Can you check if #13276 makes anything better?

from curl.

bagder avatar bagder commented on June 4, 2024 1

there was a crash

I believe I've fixed that in an update

But, there was evident drift in timeout before this crash happened.

@Smackd0wn's curl -Z cmdline test went from 24 seconds to 6 seconds for me, so it does have some impact in my tests.

As we don't have a recipe for your case @rahulKrishnaM, it is harder for me to debug that.

from curl.

bagder avatar bagder commented on June 4, 2024 1

I merged #13276 as a first step towards a fix.

Now I offer #13371 as second step, which seems to take it further.

from curl.

bagder avatar bagder commented on June 4, 2024

can you provide a complete stand-alone example that reproduces the problem?

from curl.

rahulKrishnaM avatar rahulKrishnaM commented on June 4, 2024

can you provide a complete stand-alone example that reproduces the problem?

Hi @bagder, I didn't try for a fully stand-alone program since I would have to replace the eventloop part with another publicly available one and integrate with the curl logic, we are using our own eventloop mechanism which is already in place.

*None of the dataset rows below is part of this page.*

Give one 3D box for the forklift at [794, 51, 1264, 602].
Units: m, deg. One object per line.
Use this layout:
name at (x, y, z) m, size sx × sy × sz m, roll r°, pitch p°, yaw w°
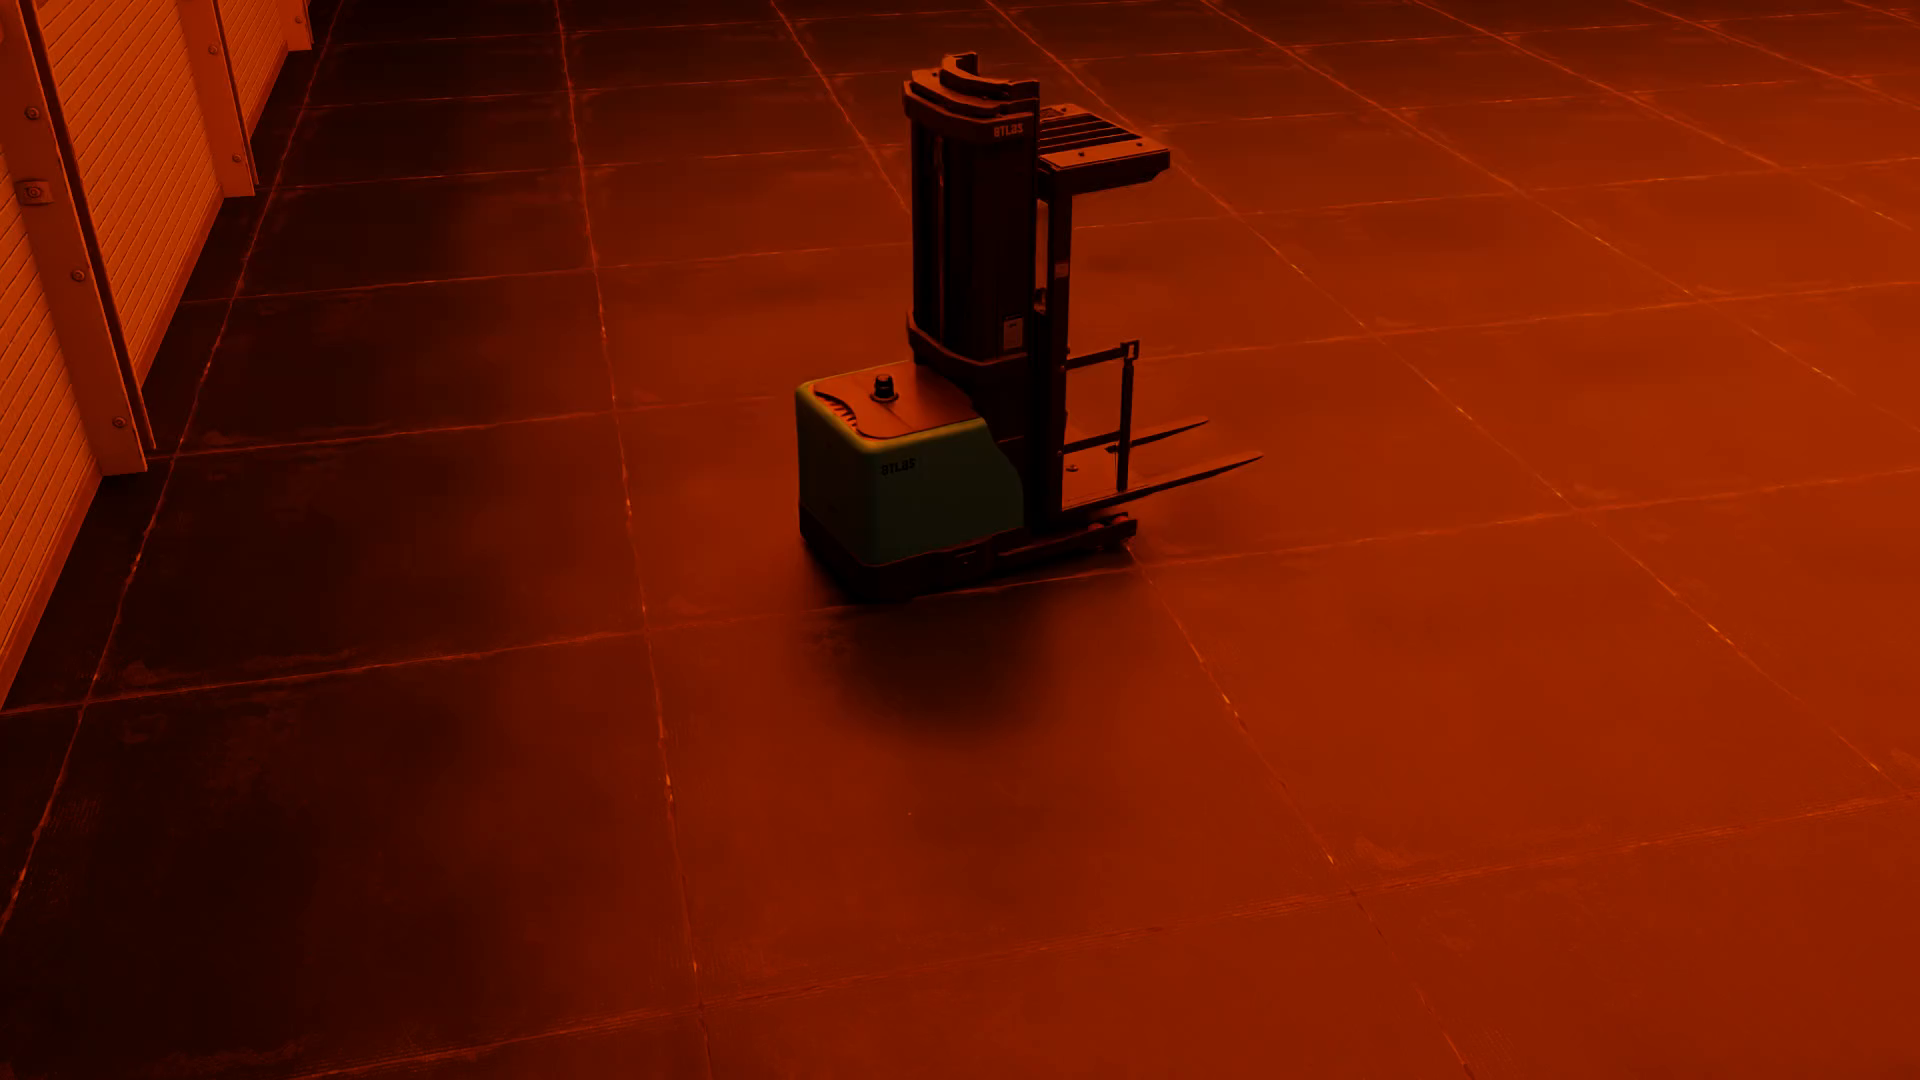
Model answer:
forklift at (0.532, -1.422, 10.031) m, size 3.031 × 2.935 × 1.130 m, roll -15°, pitch 33°, yaw -25°

But the curl piece of code is exactly the same what I have captured.

I was just concerned if there is anything wrong in my expectations or any aspect in the curl configurations I am setting could add to the delay we are seeing in my experiments.

from curl.

rahulKrishnaM avatar rahulKrishnaM commented on June 4, 2024

Interestingly, curl behaves as expected (timed out after 6 seconds) if any of the following is met:

  • curl_multi_setopt(multi, CURLMOPT_PIPELINING, 0)
  • --parallel-immediate which does curl_easy_setopt(curl, CURLOPT_PIPEWAIT, 0)
  • curl release <8.1.0 (e.g., 8.0.1), i.e., this behaviour is probably a regression

Hi @Smackd0wn, I will try out option 1 and 2 above which you suggested just to be sure if it's the same thing happening for me as well. However, regarding point 3, are you saying the delay shouldn't be seen for curl versions below 8.1.0, because the curl version I am using is 7.84.0, where I am seeing this issue.

from curl.

rahulKrishnaM avatar rahulKrishnaM commented on June 4, 2024

Hi @Smackd0wn, seems like you were spot on!

I tried out a few more combinations and was able to see that if i DISABLE CURLOPT_PIPEWAIT, things are working as expected, connection_timeout is happening at the exact configured time (2.5seconds as below).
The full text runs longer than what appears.